For instance, when executing the following SQL query:
SELECT row_id AS id, cast(new_row_data ->> 'price_in_cents' AS int) AS price_in_cents, new_row_data ->> 'publisher' AS publisher, new_row_data ->> 'title' AS title, new_row_data ->> 'author_id' AS author_id, dml_timestamp as version_timestamp FROM audit_log WHERE table_name = 'book' ORDER BY dml_timestamp
We will get all the book
table changes:
| id | price_in_cents | publisher | title | author_id | version_timestamp | |----|----------------|-----------|-----------------------------------------------|-----------|----------------------------| | 1 | 3990 | Amazon | High-Performance Java Persistence 1st edition | 1 | 2022-10-20 19:15:37.326810 | | 1 | 4499 | Amazon | High-Performance Java Persistence 1st edition | 1 | 2022-10-20 19:52:51.696792 | | 1 | | | | | 2022-10-20 19:56:35.847542 |
Awesome, right?
If you enjoyed this article, I bet you are going to love my Book and Video Courses as well.
Conclusion
As you can see, adding an audit log for YugabyteDB is just as easy as doing it in PostgreSQL. Not only that it supports JSONB columns, but database triggers and functions work exactly in the same way.

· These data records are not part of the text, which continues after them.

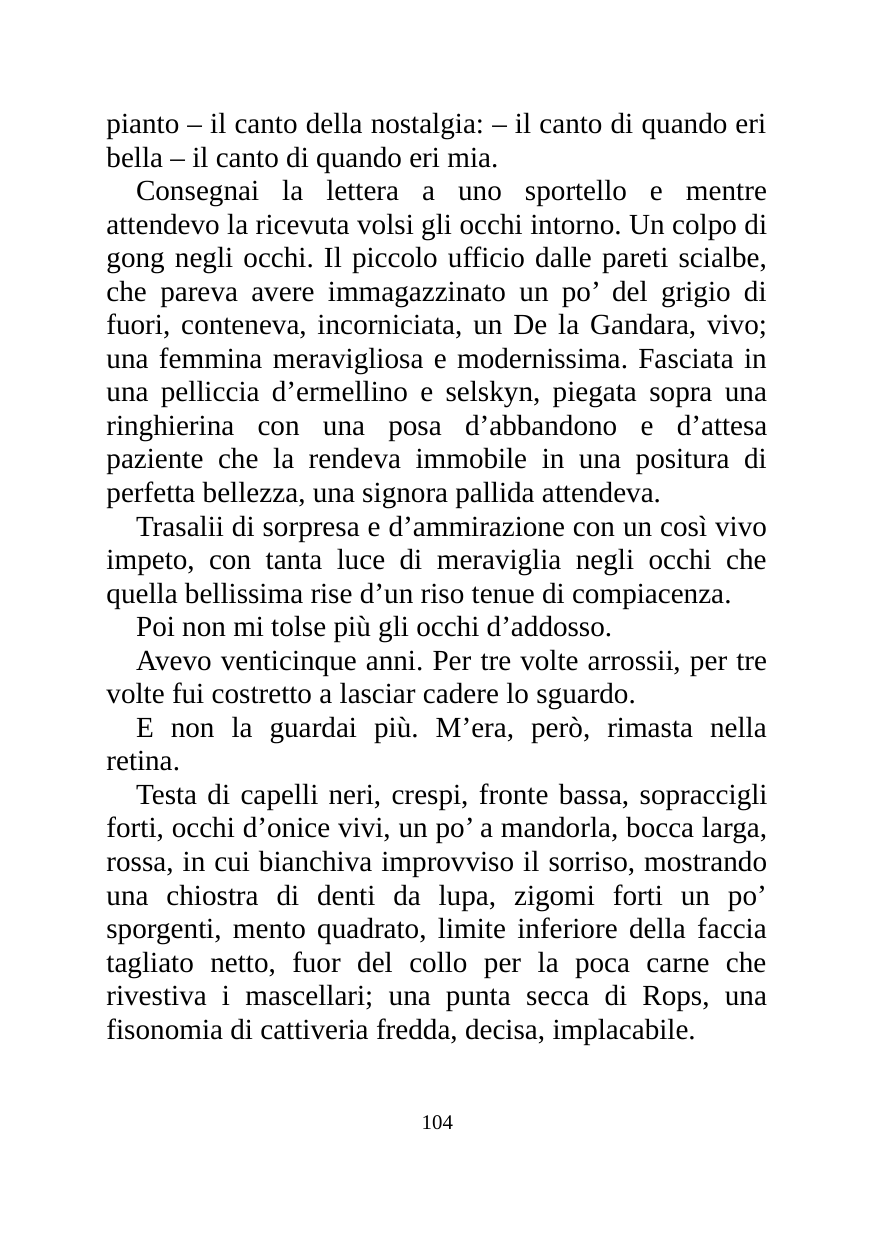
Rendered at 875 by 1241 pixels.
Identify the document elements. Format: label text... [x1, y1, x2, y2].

text pianto – il canto della nostalgia: – il canto di quando eri bella – il canto di quando eri mia. [106, 106, 768, 173]
text E non la guardai più. M’era, però, rimasta nella retina. [106, 710, 768, 777]
text Poi non mi tolse più gli occhi d’addosso. [106, 609, 768, 643]
text Consegnai la lettera a uno sportello e mentre attendevo la ricevuta volsi gli occhi intorno. Un colpo di gong negli occhi. Il piccolo ufficio dalle pareti scialbe, che pareva avere immagazzinato un po’ del grigio di fuori, conteneva, incorniciata, un De la Gandara, vivo; una femmina meravigliosa e modernissima. Fasciata in una pelliccia d’ermellino e selskyn, piegata sopra una ringhierina con una posa d’abbandono e d’attesa paziente che la rendeva immobile in una positura di perfetta bellezza, una signora pallida attendeva. [106, 173, 768, 509]
text Testa di capelli neri, crespi, fronte bassa, sopraccigli forti, occhi d’onice vivi, un po’ a mandorla, bocca larga, rossa, in cui bianchiva improvviso il sorriso, mostrando una chiostra di denti da lupa, zigomi forti un po’ sporgenti, mento quadrato, limite inferiore della faccia tagliato netto, fuor del collo per la poca carne che rivestiva i mascellari; una punta secca di Rops, una fisonomia di cattiveria fredda, decisa, implacabile. [106, 777, 768, 1045]
text Avevo venticinque anni. Per tre volte arrossii, per tre volte fui costretto a lasciar cadere lo sguardo. [106, 643, 768, 710]
text Trasalii di sorpresa e d’ammirazione con un così vivo impeto, con tanta luce di meraviglia negli occhi che quella bellissima rise d’un riso tenue di compiacenza. [106, 509, 768, 609]

Using this audit log feature will allow you to track modifications across all database tables that need to be audited.
This research was funded by Yugabyte and conducted in accordance with the blog ethics policy.
While the article was written independently and reflects entirely my opinions and conclusions, the amount of work involved in making this article happen was compensated by Yugabyte.